Definire quindi un giardiniere un conoscitore di botanica o un appassionato di botanica, come fin troppo spesso capita, è un errore grossolano nel più felice dei casi, un insulto nel peggiore. Sfido molti ottimi giardinieri a esporre le loro conoscenze botaniche: per lo più saranno informazioni acquisite nel corso del tempo e dell’osservazione delle piante, una sorta di “sesto senso giardinicolo” che fa intuire -anche se di quella pianta non si sa nulla- a che tipo di famiglia appartenga e che tipo di trattamento orticolo gradisca.
La botanica è uno strumento del giardiniere al pari degli attrezzi da giardino: serve per distinguere le piante e riconoscerle, in modo da comprenderne le esigenze colturali. Un giardiniere può avere ottimi risultati conoscendo poche nozioni elementari di botanica, di contro un botanico potrà essere un pessimo giardiniere. In effetti i botanici fanno raramente del giardinaggio, è più facile che si diano alle scommesse sulle corse dei levrieri.
Perciò, ricapitolando, il botanico non sa una beneamatissima di giardinaggio, il giardiniere qualcosina di botanica dovrà pur saperla, ma la botanica non sarà il suo obbiettivo primario: la botanica studia i caratteri morfologici delle piante, non le loro necessità di coltura.
Quando invece tralasciamo, dandolo per scontato, l’elemento di conoscenze botaniche e orticolturali, e parliamo di “giardino“, o di “arte del giardino“, o di “arte di creare un giardino“, il discorso si poggia su un terreno meno saldo e più polimorfico, in quanto non più attinente alle discipline scientifiche, come l’orticoltura (o il giardinaggio come tecnica) e la botanica, ma a discipline filosofiche ed artistiche su cui ancora si dibatte (per fortuna).
Questa forma d’arte che io ho chiamato kepopoiesi, è la proiezione della funzione estetica sul giardino.
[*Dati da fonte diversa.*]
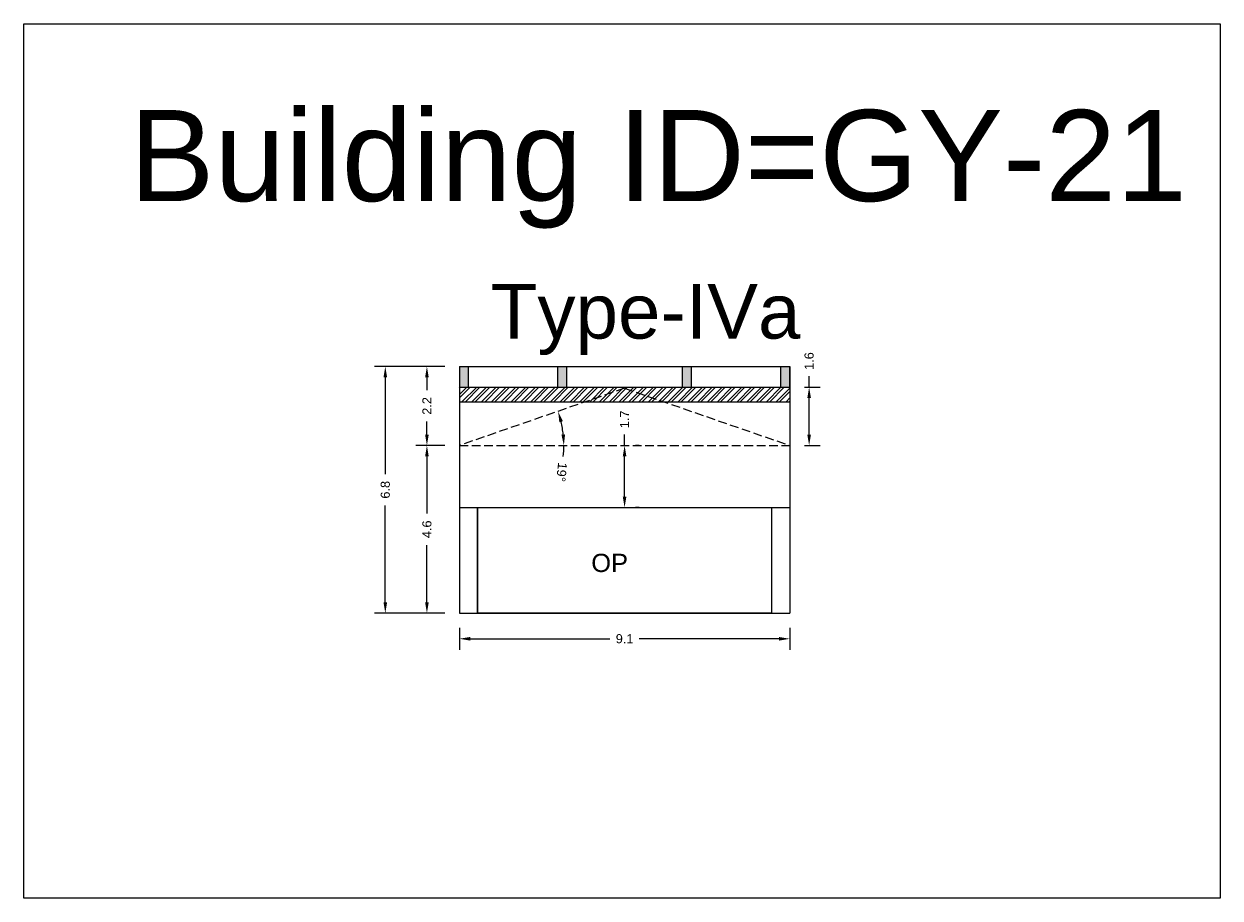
# Model space of a CAD drawing. Header units: metres. Extents: x 3416649 to 3417076, y -6712857 to -6712690.
# Tile 5 of 43: x 3416649 to 3416682, y -6712787 to -6712763. Entities that reach past the tile are written whole.
import ezdxf

# ---------------------------------------------------------------- set-up
doc = ezdxf.new("R2010")
doc.units = ezdxf.units.M
doc.linetypes.add('ACAD_ISO02W100', pattern=[15, 12, -3])
doc.layers.add('Dotted', color=7, linetype='ACAD_ISO02W100', plot=False)
doc.styles.get("Standard").update_dxf_attribs({"font": 'arial.ttf'})
doc.dimstyles.new('ISO-25', dxfattribs={"dimtxt": 0.25, "dimasz": 0.3, "dimexe": 0.3, "dimexo": 0.4, "dimgap": 0.2, "dimtad": 0, "dimdec": 1, "dimdsep": 46, "dimtxsty": 'Standard', "dimcen": 2.5, "dimadec": 0, "dimazin": 0, "dimtfac": 1, "dimtdec": 1, "dimtmove": 0, "dimatfit": 3, "dimfxl": 1, "dimarcsym": 0})

# ---------------------------------------------------------------- blocks, each defined once
blk = doc.blocks.new('*D140')
at = {"color": 0, "lineweight": -2, "transparency": 16777216}
for start, end in [(5.9963, 13.0994), (354.0037, 0)]:
    blk.add_arc((3416661.335, -6712774.351), 2.868, start, end, dxfattribs=at)
at = {"color": 0, "transparency": 16777216}
for points in [[(3416664.08, -6712773.715), (3416664.176, -6712773.687), (3416664.045, -6712773.413)], [(3416664.237, -6712774.049), (3416664.137, -6712774.054), (3416664.203, -6712774.351)]]:
    blk.add_solid(points, dxfattribs=at)
at = {"layer": 'Defpoints', "color": 0, "transparency": 16777216}
for p in [(3416665.87, -6712772.781), (3416664.132, -6712773.719), (3416661.335, -6712774.351), (3416661.335, -6712774.351), (3416670.405, -6712774.351)]:
    blk.add_point(p, dxfattribs=at)
at = {"color": 0, "transparency": 16777216, "insert": (3416664.142, -6712775.082), "char_height": 0.25, "attachment_point": 5, "rotation": 264.0037}
blk.add_mtext('19°', dxfattribs=at)
blk = doc.blocks.new('*D142')
at = {"color": 0, "lineweight": -2, "transparency": 16777216}
for p, q in [((3416660.935, -6712774.351), (3416660.145, -6712774.351)), ((3416660.445, -6712774.651), (3416660.445, -6712776.218)), ((3416660.445, -6712778.651), (3416660.445, -6712777.083)), ((3416660.935, -6712778.951), (3416660.145, -6712778.951))]:
    blk.add_line(p, q, dxfattribs=at)
at = {"color": 0, "transparency": 16777216}
for points in [[(3416660.395, -6712774.651), (3416660.495, -6712774.651), (3416660.445, -6712774.351)], [(3416660.395, -6712778.651), (3416660.495, -6712778.651), (3416660.445, -6712778.951)]]:
    blk.add_solid(points, dxfattribs=at)
at = {"layer": 'Defpoints', "color": 0, "transparency": 16777216}
for p in [(3416660.445, -6712774.351), (3416661.335, -6712774.351), (3416661.335, -6712778.951)]:
    blk.add_point(p, dxfattribs=at)
at = {"color": 0, "transparency": 16777216, "insert": (3416660.445, -6712776.651), "char_height": 0.25, "attachment_point": 5, "rotation": 90}
blk.add_mtext('4.6', dxfattribs=at)
blk = doc.blocks.new('*D143')
at = {"color": 0, "lineweight": -2, "transparency": 16777216}
for p, q in [((3416660.935, -6712772.181), (3416660.145, -6712772.181)), ((3416660.445, -6712772.481), (3416660.445, -6712772.838)), ((3416660.445, -6712774.051), (3416660.445, -6712773.694)), ((3416660.935, -6712774.351), (3416660.145, -6712774.351))]:
    blk.add_line(p, q, dxfattribs=at)
at = {"color": 0, "transparency": 16777216}
for points in [[(3416660.395, -6712772.481), (3416660.495, -6712772.481), (3416660.445, -6712772.181)], [(3416660.395, -6712774.051), (3416660.495, -6712774.051), (3416660.445, -6712774.351)]]:
    blk.add_solid(points, dxfattribs=at)
at = {"layer": 'Defpoints', "color": 0, "transparency": 16777216}
for p in [(3416660.445, -6712772.181), (3416661.335, -6712772.181), (3416661.335, -6712774.351)]:
    blk.add_point(p, dxfattribs=at)
at = {"color": 0, "transparency": 16777216, "insert": (3416660.445, -6712773.266), "char_height": 0.25, "attachment_point": 5, "rotation": 90}
blk.add_mtext('2.2', dxfattribs=at)
blk = doc.blocks.new('*D144')
at = {"color": 0, "lineweight": -2, "transparency": 16777216}
for p, q in [((3416660.935, -6712772.181), (3416659.003, -6712772.181)), ((3416659.303, -6712772.481), (3416659.303, -6712775.137)), ((3416659.303, -6712778.651), (3416659.303, -6712775.994)), ((3416660.935, -6712778.951), (3416659.003, -6712778.951))]:
    blk.add_line(p, q, dxfattribs=at)
at = {"color": 0, "transparency": 16777216}
for points in [[(3416659.253, -6712772.481), (3416659.353, -6712772.481), (3416659.303, -6712772.181)], [(3416659.253, -6712778.651), (3416659.353, -6712778.651), (3416659.303, -6712778.951)]]:
    blk.add_solid(points, dxfattribs=at)
at = {"layer": 'Defpoints', "color": 0, "transparency": 16777216}
for p in [(3416659.303, -6712772.181), (3416661.335, -6712772.181), (3416661.335, -6712778.951)]:
    blk.add_point(p, dxfattribs=at)
at = {"color": 0, "transparency": 16777216, "insert": (3416659.303, -6712775.566), "char_height": 0.25, "attachment_point": 5, "rotation": 90}
blk.add_mtext('6.8', dxfattribs=at)
blk = doc.blocks.new('*D145')
at = {"color": 0, "lineweight": -2, "transparency": 16777216}
for p, q in [((3416661.335, -6712779.351), (3416661.335, -6712779.954)), ((3416670.405, -6712779.351), (3416670.405, -6712779.954)), ((3416661.635, -6712779.654), (3416665.467, -6712779.654)), ((3416670.105, -6712779.654), (3416666.274, -6712779.654))]:
    blk.add_line(p, q, dxfattribs=at)
at = {"color": 0, "transparency": 16777216}
for points in [[(3416661.635, -6712779.604), (3416661.635, -6712779.704), (3416661.335, -6712779.654)], [(3416670.105, -6712779.604), (3416670.105, -6712779.704), (3416670.405, -6712779.654)]]:
    blk.add_solid(points, dxfattribs=at)
at = {"layer": 'Defpoints', "color": 0, "transparency": 16777216}
for p in [(3416661.335, -6712778.951), (3416670.405, -6712778.951), (3416670.405, -6712779.654)]:
    blk.add_point(p, dxfattribs=at)
at = {"color": 0, "transparency": 16777216, "insert": (3416665.87, -6712779.654), "char_height": 0.25, "attachment_point": 5}
blk.add_mtext('9.1', dxfattribs=at)
blk = doc.blocks.new('*D146')
at = {"color": 0, "lineweight": -2, "transparency": 16777216}
for p, q in [((3416665.87, -6712774.351), (3416665.87, -6712774.051)), ((3416666.27, -6712774.351), (3416666.17, -6712774.351)), ((3416665.87, -6712775.751), (3416665.87, -6712774.651)), ((3416666.27, -6712776.051), (3416666.17, -6712776.051))]:
    blk.add_line(p, q, dxfattribs=at)
at = {"color": 0, "transparency": 16777216}
for points in [[(3416665.82, -6712774.651), (3416665.92, -6712774.651), (3416665.87, -6712774.351)], [(3416665.82, -6712775.751), (3416665.92, -6712775.751), (3416665.87, -6712776.051)]]:
    blk.add_solid(points, dxfattribs=at)
at = {"layer": 'Defpoints', "color": 0, "transparency": 16777216}
for p in [(3416665.87, -6712774.351), (3416665.87, -6712774.351), (3416665.87, -6712776.051)]:
    blk.add_point(p, dxfattribs=at)
at = {"color": 0, "transparency": 16777216, "insert": (3416665.87, -6712773.635), "char_height": 0.25, "attachment_point": 5, "rotation": 90}
blk.add_mtext('1.7', dxfattribs=at)
blk = doc.blocks.new('*D147')
at = {"color": 0, "lineweight": -2, "transparency": 16777216}
for p, q in [((3416670.934, -6712772.751), (3416670.934, -6712772.451)), ((3416670.805, -6712772.751), (3416671.234, -6712772.751)), ((3416670.934, -6712774.051), (3416670.934, -6712773.051)), ((3416670.805, -6712774.351), (3416671.234, -6712774.351))]:
    blk.add_line(p, q, dxfattribs=at)
at = {"color": 0, "transparency": 16777216}
for points in [[(3416670.884, -6712773.051), (3416670.984, -6712773.051), (3416670.934, -6712772.751)], [(3416670.884, -6712774.051), (3416670.984, -6712774.051), (3416670.934, -6712774.351)]]:
    blk.add_solid(points, dxfattribs=at)
at = {"layer": 'Defpoints', "color": 0, "transparency": 16777216}
for p in [(3416670.405, -6712772.751), (3416670.934, -6712772.751), (3416670.405, -6712774.351)]:
    blk.add_point(p, dxfattribs=at)
at = {"color": 0, "transparency": 16777216, "insert": (3416670.934, -6712772.035), "char_height": 0.25, "attachment_point": 5, "rotation": 90}
blk.add_mtext('1.6', dxfattribs=at)

msp = doc.modelspace()

# ---------------------------------------------------------------- hatches: boundary and pattern name
h = msp.add_hatch(color=256)
h.dxf.hatch_style = 1
h.paths.add_polyline_path([(3416661.335, -6712772.751), (3416661.585, -6712772.751), (3416661.585, -6712772.181), (3416661.335, -6712772.181)])
h.paths.add_polyline_path([(3416664.285, -6712772.181), (3416664.035, -6712772.181), (3416664.035, -6712772.751), (3416664.285, -6712772.751)])
h.paths.add_polyline_path([(3416667.705, -6712772.181), (3416667.455, -6712772.181), (3416667.455, -6712772.751), (3416667.705, -6712772.751)])
h.paths.add_polyline_path([(3416670.405, -6712772.181), (3416670.155, -6712772.181), (3416670.155, -6712772.751), (3416670.405, -6712772.751)])
h = msp.add_hatch()
h.set_pattern_fill('ANSI32', color=256, scale=0.02)
h.set_pattern_definition([(45, (-12.62787, 2.87819), (-0.134703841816, 0.134703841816), []), (45, (-12.53807, 2.87819), (-0.134703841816, 0.134703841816), [])])
h.paths.add_polyline_path([(3416665.87, -6712772.781), (3416667.012, -6712773.151), (3416670.405, -6712773.151), (3416670.405, -6712772.751), (3416661.335, -6712772.751), (3416661.335, -6712773.151), (3416664.729, -6712773.151)])
h.paths.add_polyline_path([(3416665.87, -6712772.781), (3416664.729, -6712773.151), (3416667.012, -6712773.151)], flags=17)

# ---------------------------------------------------------------- linework, layer by layer
for points in [[(3416649.386, -6712762.787), (3416682.212, -6712762.787), (3416682.212, -6712786.767), (3416649.386, -6712786.767)], [(3416661.835, -6712776.051), (3416669.905, -6712776.051), (3416669.905, -6712778.951), (3416661.835, -6712778.951)]]:
    msp.add_lwpolyline(points, close=True)
for points in [[(3416661.335, -6712772.181), (3416661.335, -6712778.951)], [(3416661.335, -6712772.181), (3416661.585, -6712772.181)], [(3416661.585, -6712772.751), (3416661.585, -6712772.181)], [(3416661.585, -6712772.181), (3416670.155, -6712772.181)], [(3416664.035, -6712772.751), (3416664.035, -6712772.181)], [(3416664.285, -6712772.751), (3416664.285, -6712772.181)], [(3416667.455, -6712772.751), (3416667.455, -6712772.181)], [(3416667.705, -6712772.751), (3416667.705, -6712772.181)], [(3416670.155, -6712772.751), (3416670.155, -6712772.181)], [(3416670.155, -6712772.181), (3416670.405, -6712772.181)], [(3416670.405, -6712772.181), (3416670.405, -6712778.951)], [(3416670.405, -6712772.751), (3416670.405, -6712772.181)], [(3416661.335, -6712772.751), (3416670.405, -6712772.751)], [(3416661.335, -6712773.151), (3416670.405, -6712773.151)], [(3416661.335, -6712776.051), (3416670.405, -6712776.051)], [(3416661.835, -6712776.051), (3416661.835, -6712778.951)], [(3416669.905, -6712776.051), (3416669.905, -6712778.951)], [(3416661.335, -6712778.951), (3416670.405, -6712778.951)]]:
    msp.add_lwpolyline(points)
at = {"layer": 'Dotted', "ltscale": 0.02}
for points in [[(3416665.87, -6712772.781), (3416661.335, -6712774.351)], [(3416665.87, -6712772.781), (3416670.405, -6712774.351)], [(3416661.335, -6712774.351), (3416670.405, -6712774.351)]]:
    msp.add_lwpolyline(points, dxfattribs=at)

# ---------------------------------------------------------------- texts
at = {"attachment_point": 1}
for s, width, heights, insert, char_height in [('Building ID=GY-21', 67.86454, [0.517], (3416652.283, -6712765.147), 2.5), ('Type-IVa ', 9.99112, [0.517], (3416662.196, -6712769.919), 1.5), ('OP', 1.17554, [0], (3416664.955, -6712777.322), 0.5)]:
    msp.add_mtext_dynamic_manual_height_columns(s, width=width, gutter_width=12.5, heights=heights, dxfattribs=dict(at, insert=insert, char_height=char_height))

# ---------------------------------------------------------------- dimensions: what is measured, and where the dimension line sits
for base, p1, p2, picture, middle in [((3416670.934, -6712772.751), (3416670.405, -6712774.351), (3416670.405, -6712772.751), '*D147', (3416670.934, -6712772.035)), ((3416659.303, -6712772.181), (3416661.335, -6712778.951), (3416661.335, -6712772.181), '*D144', (3416659.303, -6712775.566)), ((3416660.445, -6712772.181), (3416661.335, -6712774.351), (3416661.335, -6712772.181), '*D143', (3416660.445, -6712773.266)), ((3416665.87, -6712774.351), (3416665.87, -6712776.051), (3416665.87, -6712774.351), '*D146', (3416665.87, -6712773.635)), ((3416660.445, -6712774.351), (3416661.335, -6712778.951), (3416661.335, -6712774.351), '*D142', (3416660.445, -6712776.651))]:
    dim = msp.add_linear_dim(base=base, p1=p1, p2=p2, angle=90, dimstyle='ISO-25')
    dim.commit()
    dim.dimension.update_dxf_attribs({"geometry": picture, "text_midpoint": middle})
dim = msp.add_angular_dim_2l(base=(3416664.132, -6712773.719), line1=((3416661.335, -6712774.351), (3416670.405, -6712774.351)), line2=((3416665.87, -6712772.781), (3416661.335, -6712774.351)), dimstyle='ISO-25')
dim.commit()
dim.dimension.update_dxf_attribs({"geometry": '*D140', "text_midpoint": (3416664.142, -6712775.082)})
dim = msp.add_linear_dim(base=(3416670.405, -6712779.654), p1=(3416661.335, -6712778.951), p2=(3416670.405, -6712778.951), dimstyle='ISO-25')
dim.commit()
dim.dimension.update_dxf_attribs({"geometry": '*D145', "text_midpoint": (3416665.87, -6712779.654)})

doc.saveas('drawing.dxf')

Ha a che fare quindi con una prospettiva squisitamente artistica del valore “giardino” e non più tecnica, laddove la tecnica di coltura sia comunque data a livelli che possono variare dallo zero assoluto all’eccellenza insuperabile.
Mi auguro che questa specificazione dei termini che più spesso vengono confusi tra loro possa essere proficua. Se devo essere sincera è un po’ triste trovarsi a scrivere queste cose, che dovrebbero essere conosciute e straconosciute da chi pratica il giardinaggio e si definisce giardiniere alla Russel Page. Insomma, a dirla tutta non è il post dei miei sogni questo, ma constatato che fosse necessario e doveroso scriverlo, l’ho scritto.